我们自定义实现了一个用来模拟的Source Operator,代码如下所示:
class StringLineEventSource(val latenessMillis: Long) extends RichParallelSourceFunction[String] {
val LOG = LoggerFactory.getLogger(classOf[StringLineEventSource])
@volatile private var running = true
val channelSet = Seq("a", "b", "c", "d")
val behaviorTypes = Seq(
"INSTALL", "OPEN", "BROWSE", "CLICK",
"PURCHASE", "CLOSE", "UNINSTALL")
val rand = Random
override def run(ctx: SourceContext[String]): Unit = {
val numElements = Long.MaxValue
var count = 0L
while (running && count < numElements) {
val channel = channelSet(rand.nextInt(channelSet.size))
val event = generateEvent()
LOG.debug("Event: " + event)
val ts = event(0)
val id = event(1)
val behaviorType = event(2)
ctx.collect(Seq(ts, channel, id, behaviorType).mkString("\t"))
count += 1
TimeUnit.MILLISECONDS.sleep(5L)
}
}
private def generateEvent(): Seq[String] = {
// simulate 10 seconds lateness
val ts = Instant.ofEpochMilli(System.currentTimeMillis)
.minusMillis(latenessMillis)
.toEpochMilli
val id = UUID.randomUUID().toString
val behaviorType = behaviorTypes(rand.nextInt(behaviorTypes.size))
// (ts, id, behaviorType)
Seq(ts.toString, id, behaviorType)
}
override def cancel(): Unit = running = false
}
流数据中的数据元素为字符串记录行的格式,包含字段:事件时间、渠道、用户编号、用户行为类型。

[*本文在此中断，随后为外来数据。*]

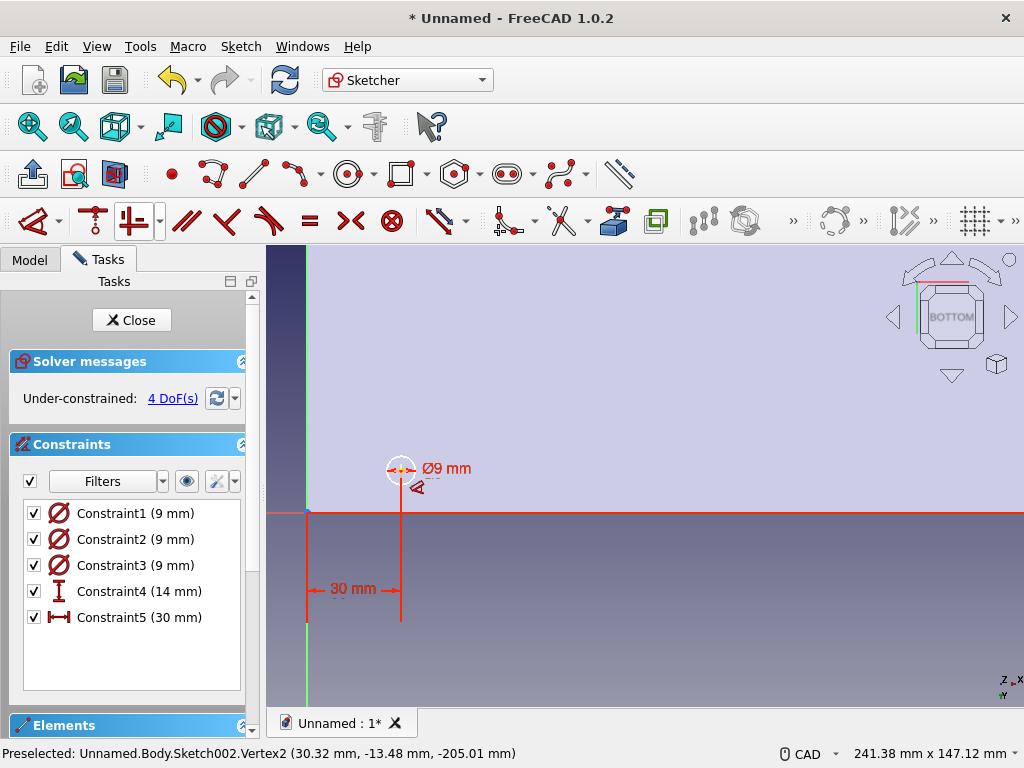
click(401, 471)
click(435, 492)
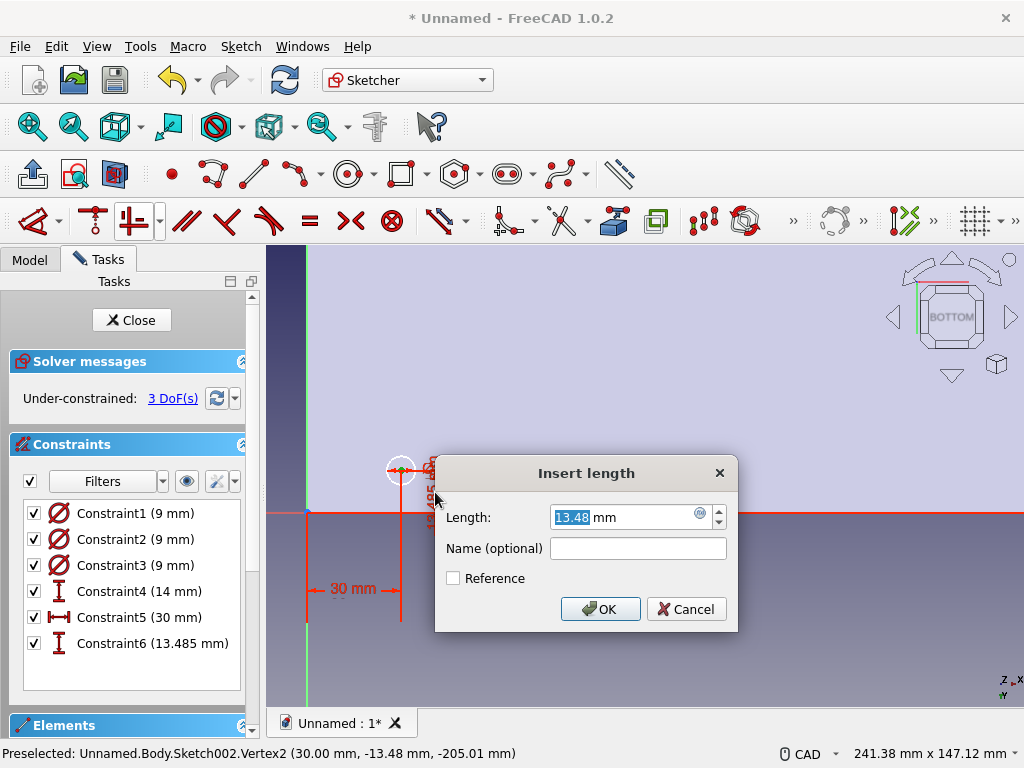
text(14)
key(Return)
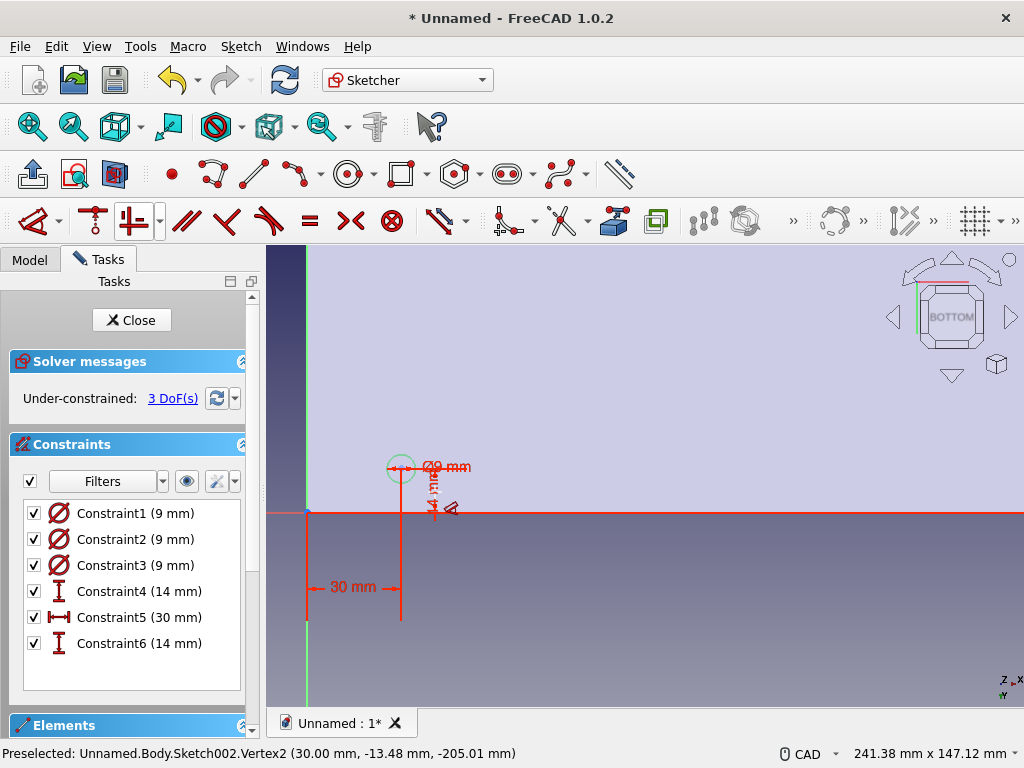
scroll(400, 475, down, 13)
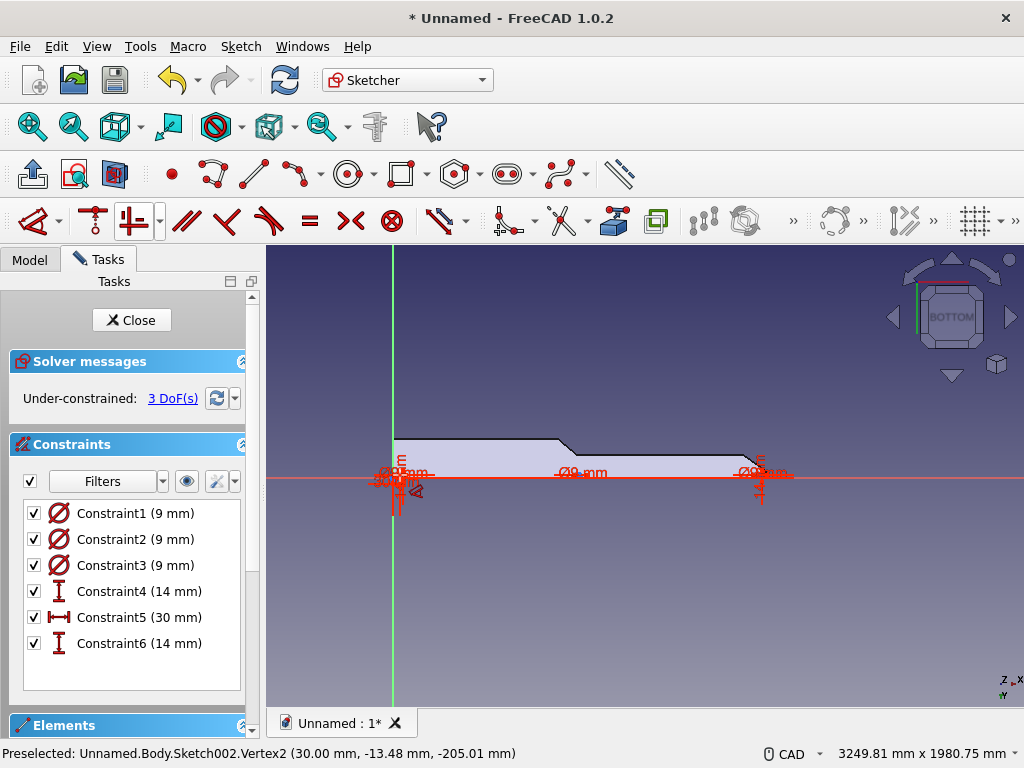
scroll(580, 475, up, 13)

这里,我们直接调用SourceContext.collect()方法,将数据元素发送到下游进行处理。
在Flink程序中,通过调用stream: DataStream[T]的assignTimestampsAndWatermarks()进行时间戳的指派,并生成WaterMark。然后,基于Keyed Window生成Tumbling Window(不存在Window重叠)来操作数据记录。最后,将计算结果输出到Kafka中去。
对应的实现代码,如下所示:
def main(args: Array[String]): Unit = {
val params = ParameterTool.fromArgs(args)
checkParams(params)
val sourceLatenessMillis = params.getRequired("source-lateness-millis").toLong
maxLaggedTimeMillis = params.getLong("window-lagged-millis", DEFAULT_MAX_LAGGED_TIME)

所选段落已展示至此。